- YOUR INSTRUCTIONS -
Repeat every record word for word and omit the images.

----------

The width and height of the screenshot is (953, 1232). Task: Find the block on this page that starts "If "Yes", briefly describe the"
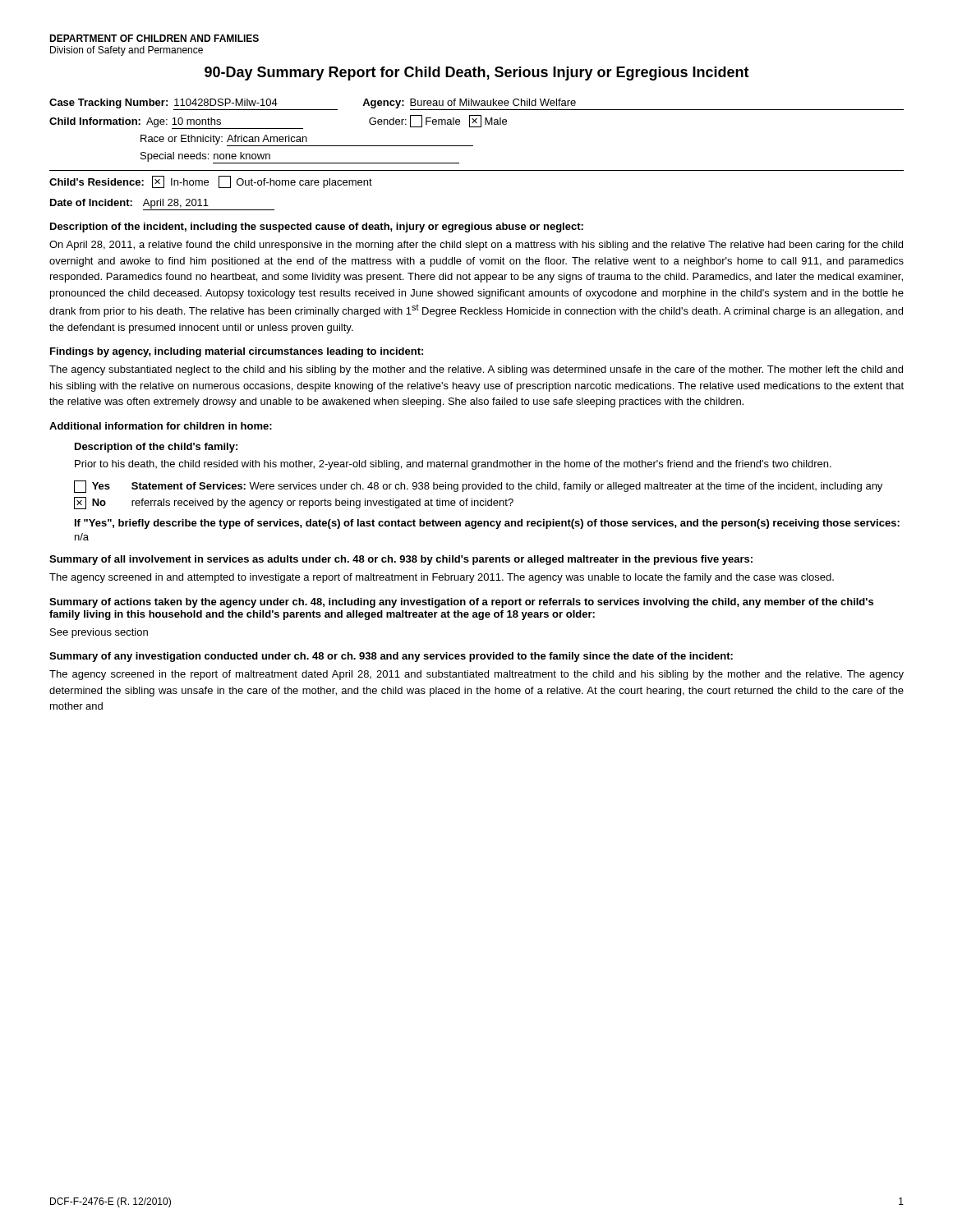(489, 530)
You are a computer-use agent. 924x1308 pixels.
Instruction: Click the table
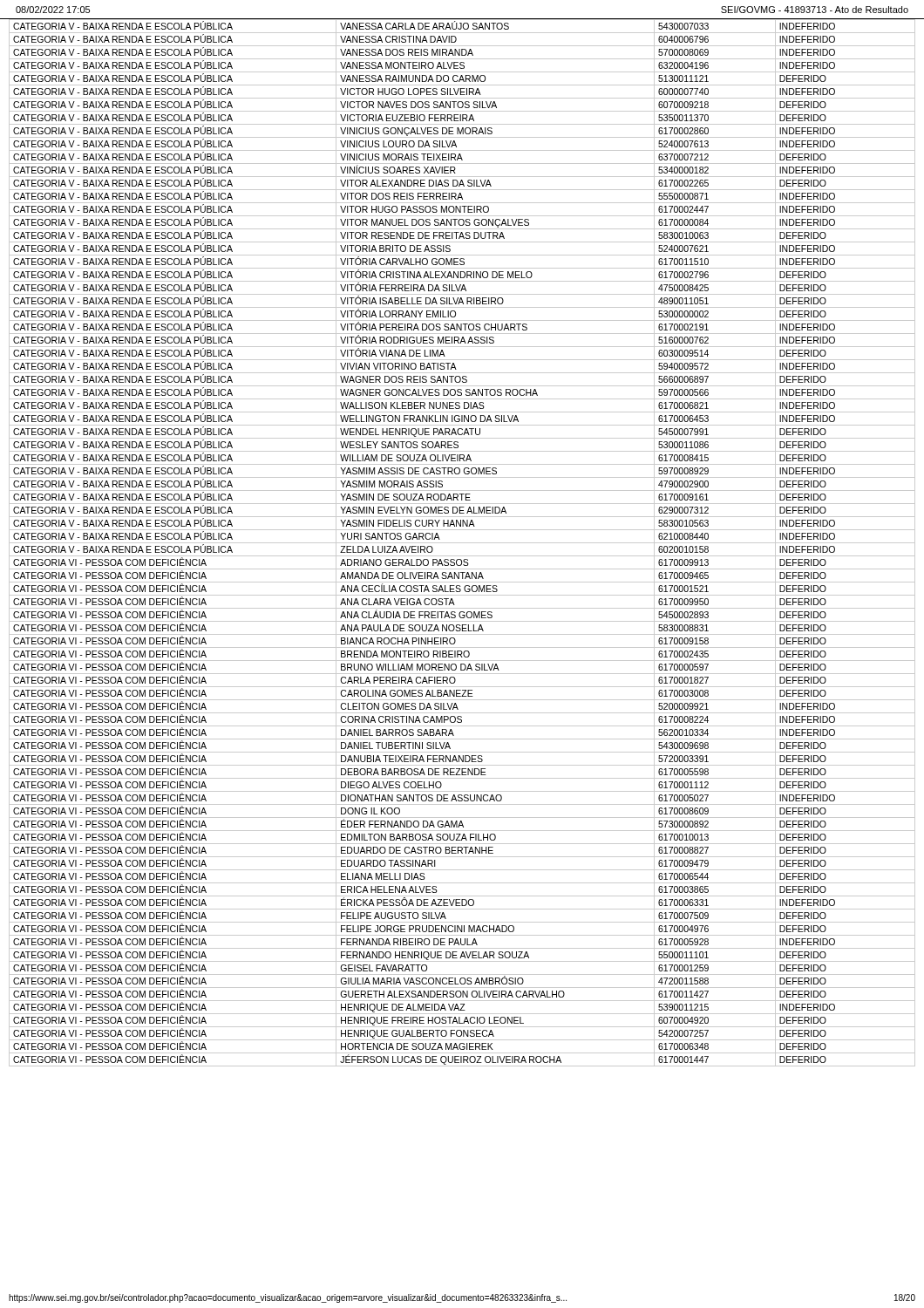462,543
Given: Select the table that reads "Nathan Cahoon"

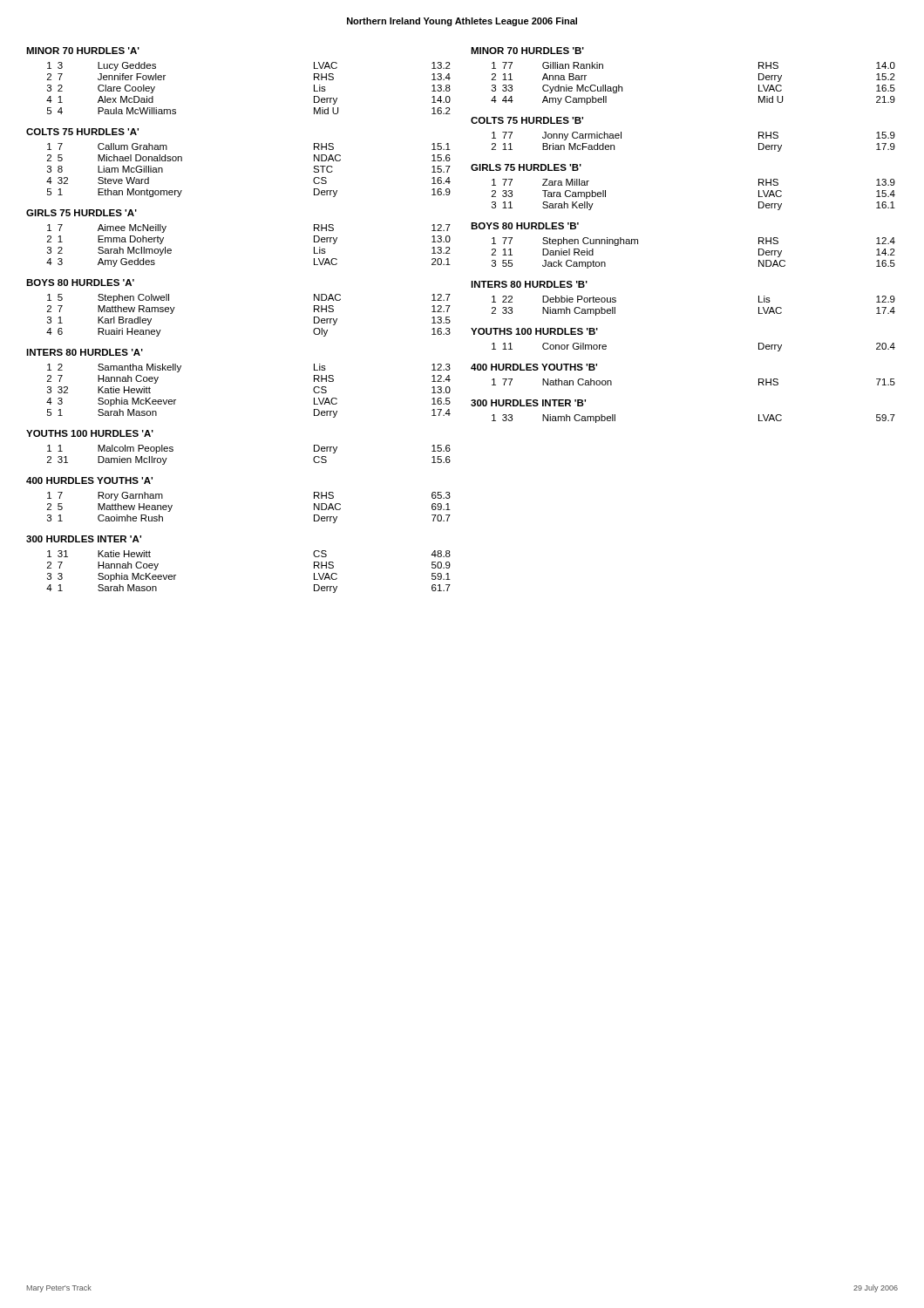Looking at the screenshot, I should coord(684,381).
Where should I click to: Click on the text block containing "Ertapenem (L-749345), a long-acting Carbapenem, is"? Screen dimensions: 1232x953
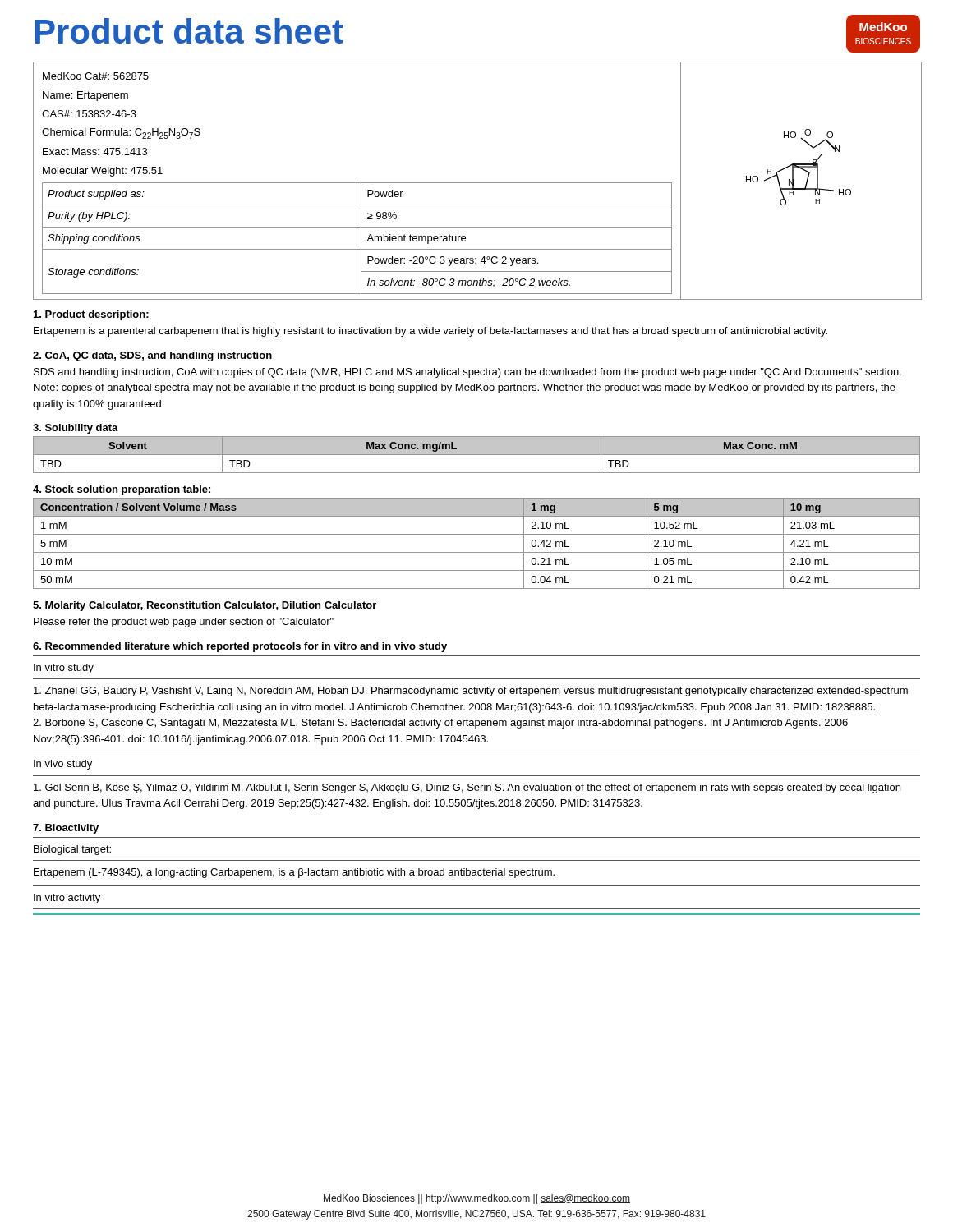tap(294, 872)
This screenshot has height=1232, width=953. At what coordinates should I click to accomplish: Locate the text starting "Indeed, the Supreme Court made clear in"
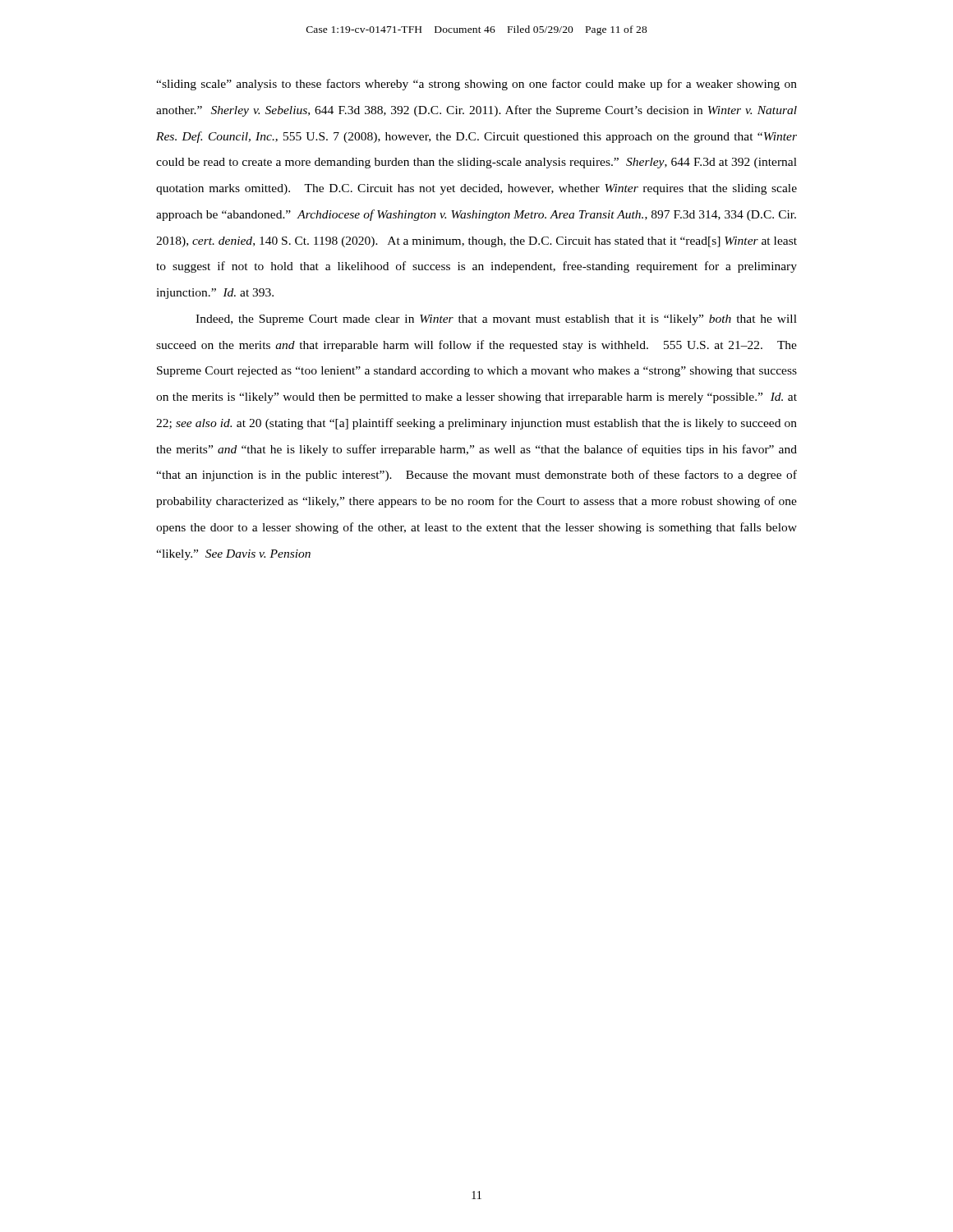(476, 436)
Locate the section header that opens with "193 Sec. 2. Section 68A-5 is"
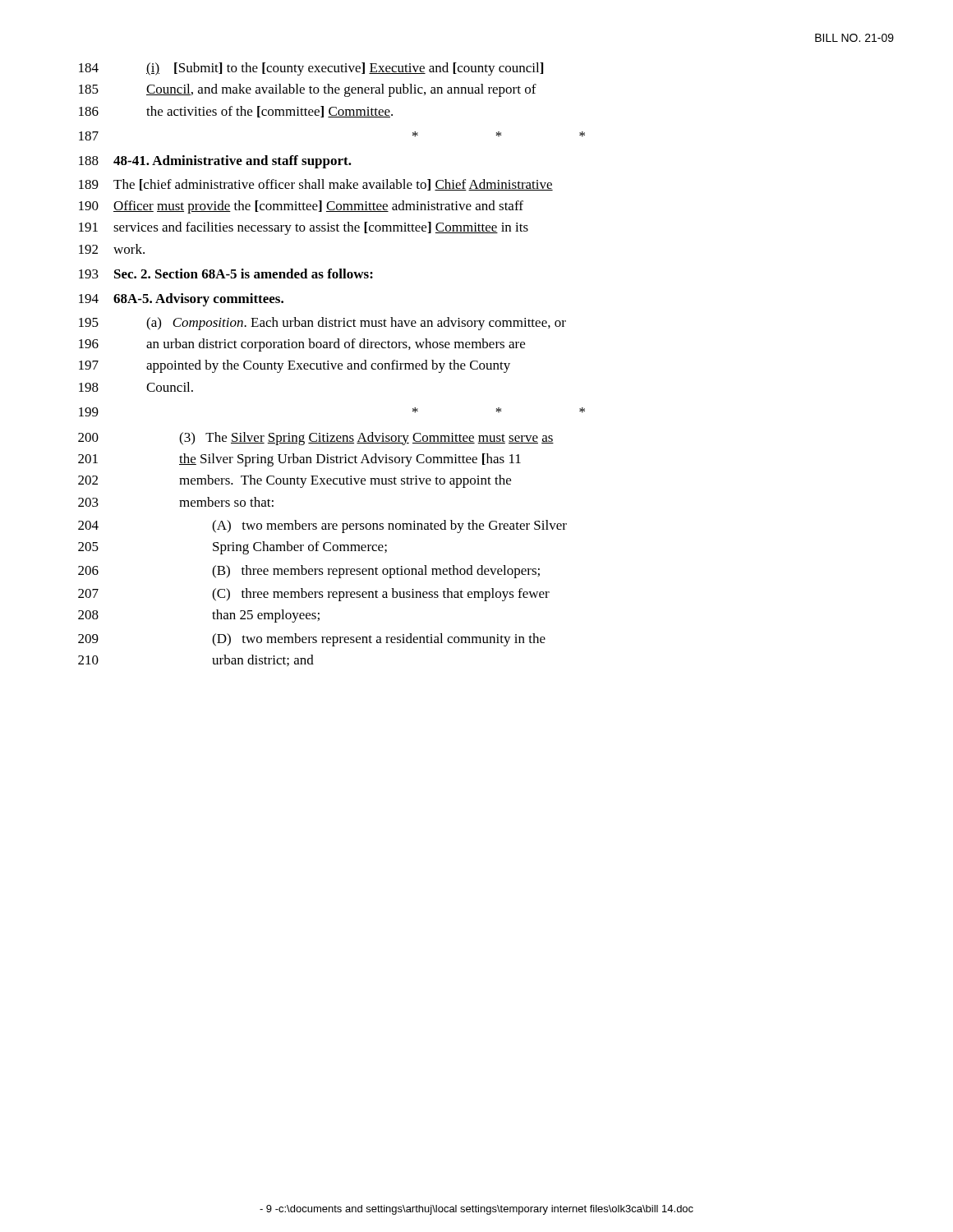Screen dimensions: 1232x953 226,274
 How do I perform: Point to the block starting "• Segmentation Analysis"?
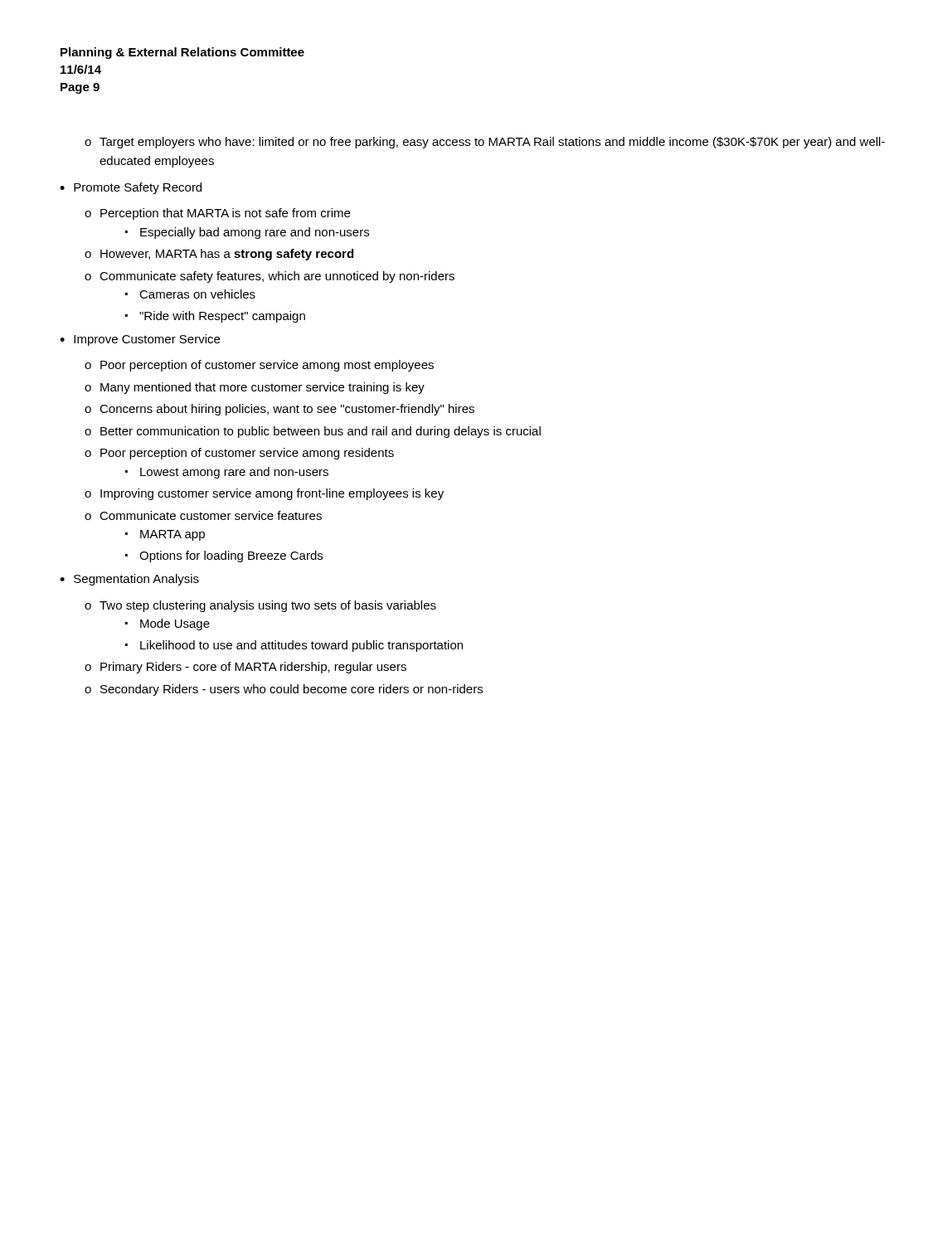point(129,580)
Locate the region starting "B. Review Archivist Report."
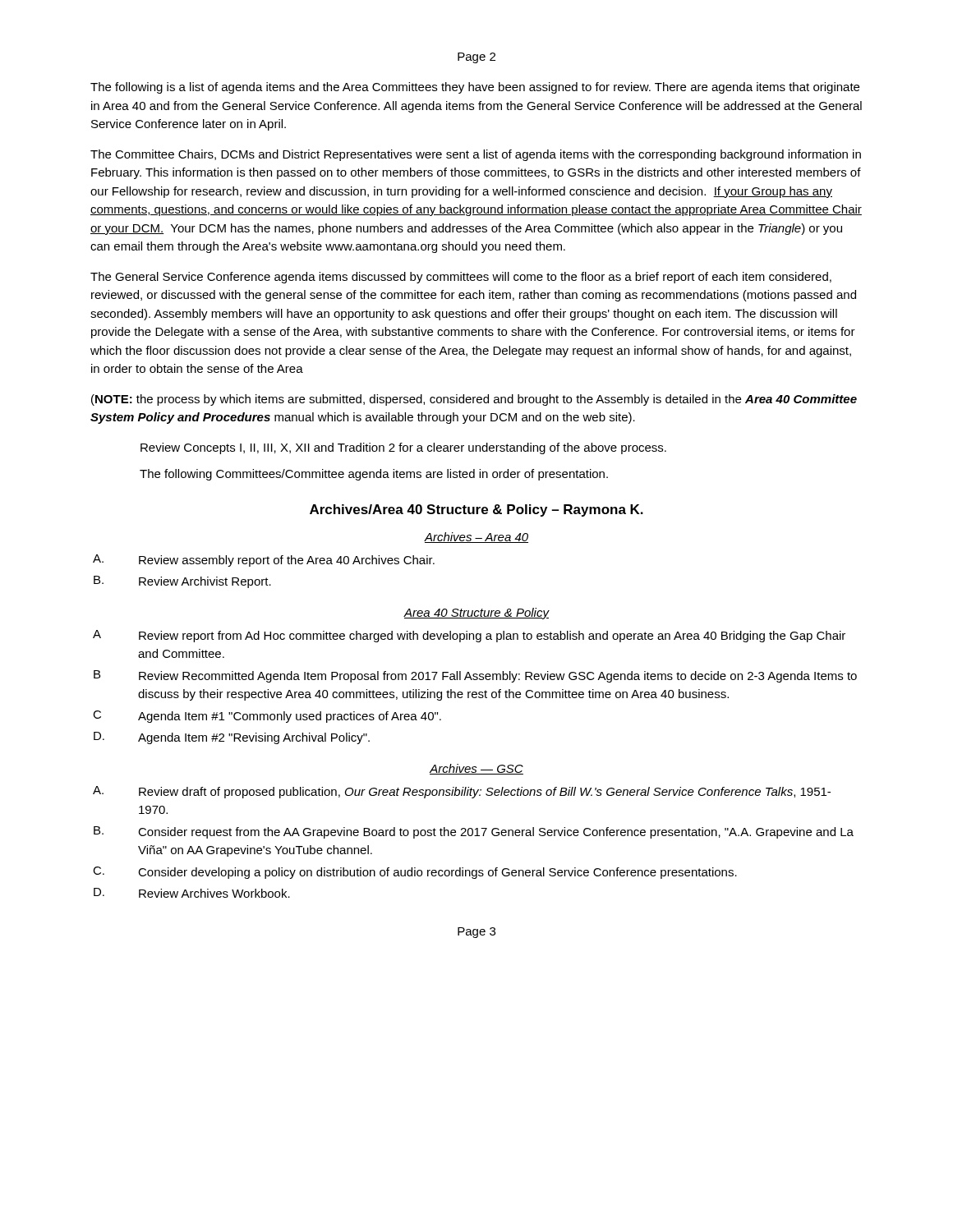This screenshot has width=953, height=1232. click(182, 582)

----------

- ANSWER TO THE EXERCISE -
The width and height of the screenshot is (953, 1232). Task: Find the block on this page that starts "If "Yes", briefly describe the"
(489, 530)
You are a computer-use agent. 924x1308 pixels.
Instruction: Click the table
462,543
Given: Select the table that reads "Nathan Cahoon"

Looking at the screenshot, I should coord(684,381).
Where should I click to: Click on the text block containing "Ertapenem (L-749345), a long-acting Carbapenem, is"? Screen dimensions: 1232x953
tap(294, 872)
This screenshot has height=1232, width=953. At what coordinates should I click to accomplish: Locate the text starting "Indeed, the Supreme Court made clear in"
(476, 436)
Locate the section header that opens with "193 Sec. 2. Section 68A-5 is"
Screen dimensions: 1232x953 226,274
 How do I perform: Point to the block starting "• Segmentation Analysis"?
point(129,580)
Locate the region starting "B. Review Archivist Report."
This screenshot has width=953, height=1232. click(182, 582)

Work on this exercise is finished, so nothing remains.